Keep in mind that if you extend a short key, the encryption won't be very good. The strength of the encryption has a lot more to do with key length and the algorithm itself than how long it takes to run.
This question seems to have some examples of libraries to use with python.
Just use triple DES and use different keys for each iteration, use the number to generate a each of the 3 keys. Pad up the key length with some text, and you're good.
Tripple DES was designed to increase effectiveness against brute force.
It's not the world's most secure option, but I'll keep most bruter's at bay.
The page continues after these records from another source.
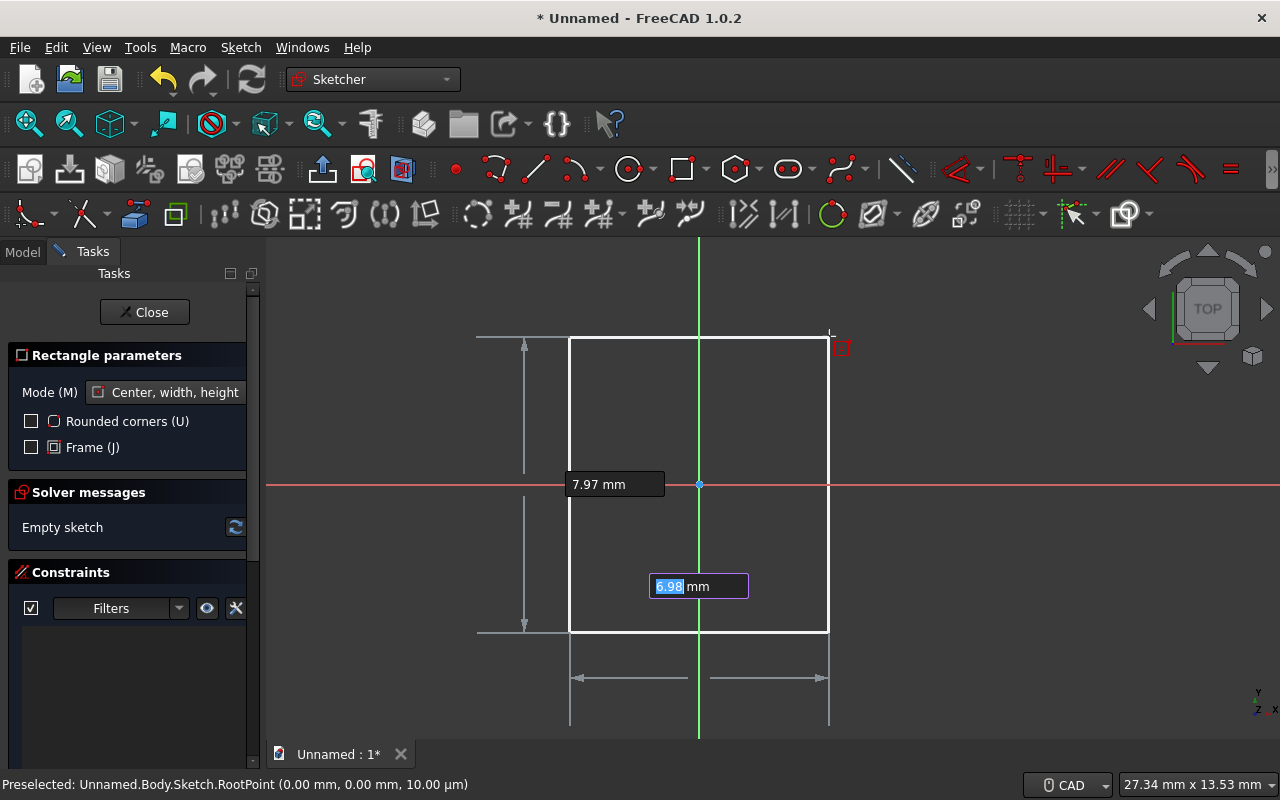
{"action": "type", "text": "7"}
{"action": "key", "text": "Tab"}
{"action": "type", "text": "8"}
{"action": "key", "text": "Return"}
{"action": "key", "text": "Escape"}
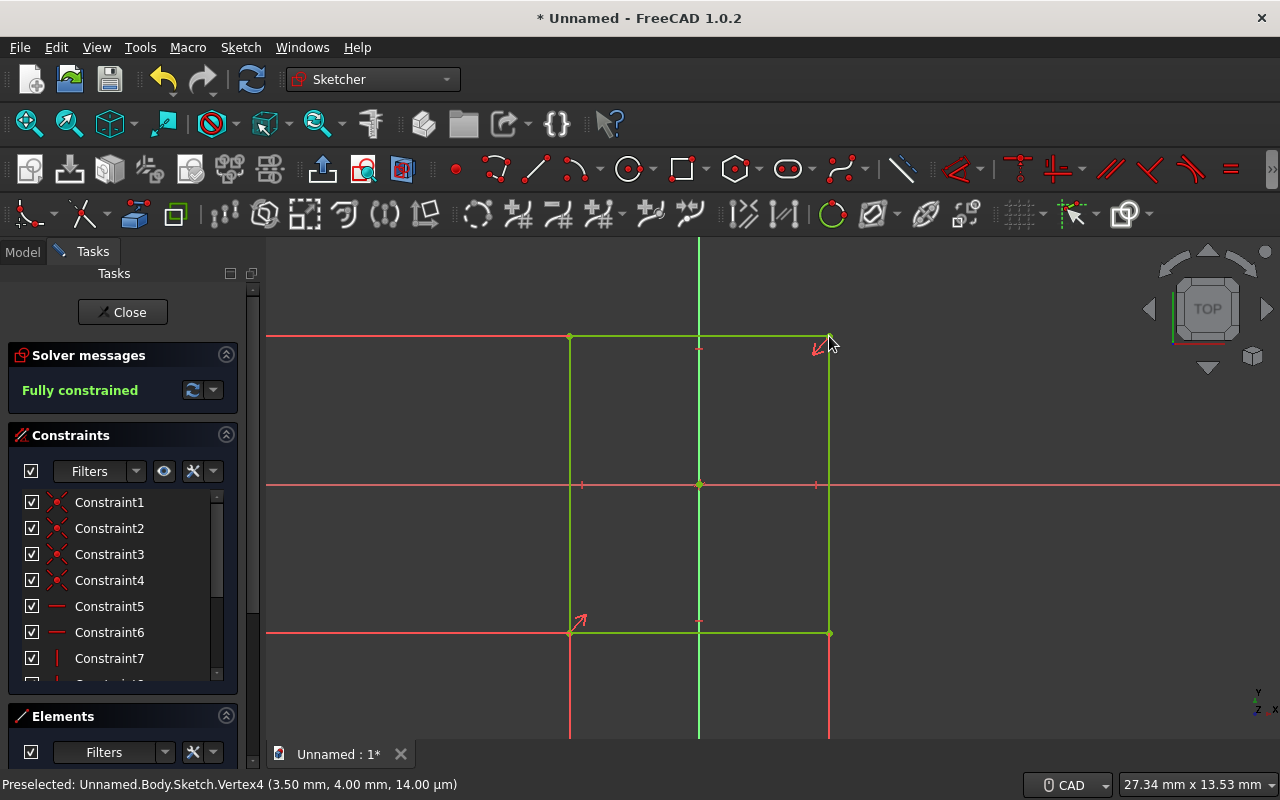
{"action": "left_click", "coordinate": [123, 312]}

If you encrypt your answers, those who have solved the problem simply do not want to see your answers with such effort, provided that they already have plenty of answers to see in the answer page. Those who haven't cannot see. Then your work becomes less useful.
Btw, there are many places providing answers to Project Euler, e.g. Haskell answers, Clojure answers, F# answers. If somebody only wants the answer to a question, he/she could simply run the program. Provided that Python is so popular, google "Python Euler xx" would give you plenty of blogs solving a specific problem.
The simplest approach would be to hash the answer using a secure hash function such as SHA-1, then provide the hash so users can verify their answer. If you want to make brute-forcing more difficult, iterate the hash - eg, provide the result of n recursive applications of SHA1, where n is some parameter you choose to make it difficult to brute-force.
If the number of possible answers is small, though, it'll be difficult to impossible to prevent someone from brute-forcing it even with an expensive hash function.
Edit: Sorry, I misread your original question. If you want to encrypt your answer, you could do that by using the resulting hash, above, as the encryption key for your answer, rather than posting the hash.
If you want an encryption routine that is easy to use and distribute, I recommend Paul Rubin's p3.py. It's probably on the fast side, for how secure it is, but since you seem to be in need of a hurdle to be jumped rather than a siege-resistant wall, it may be a good choice for your purposes.
You could also look into rijndael.py, which is an implementation of AES, and slower than p3.py.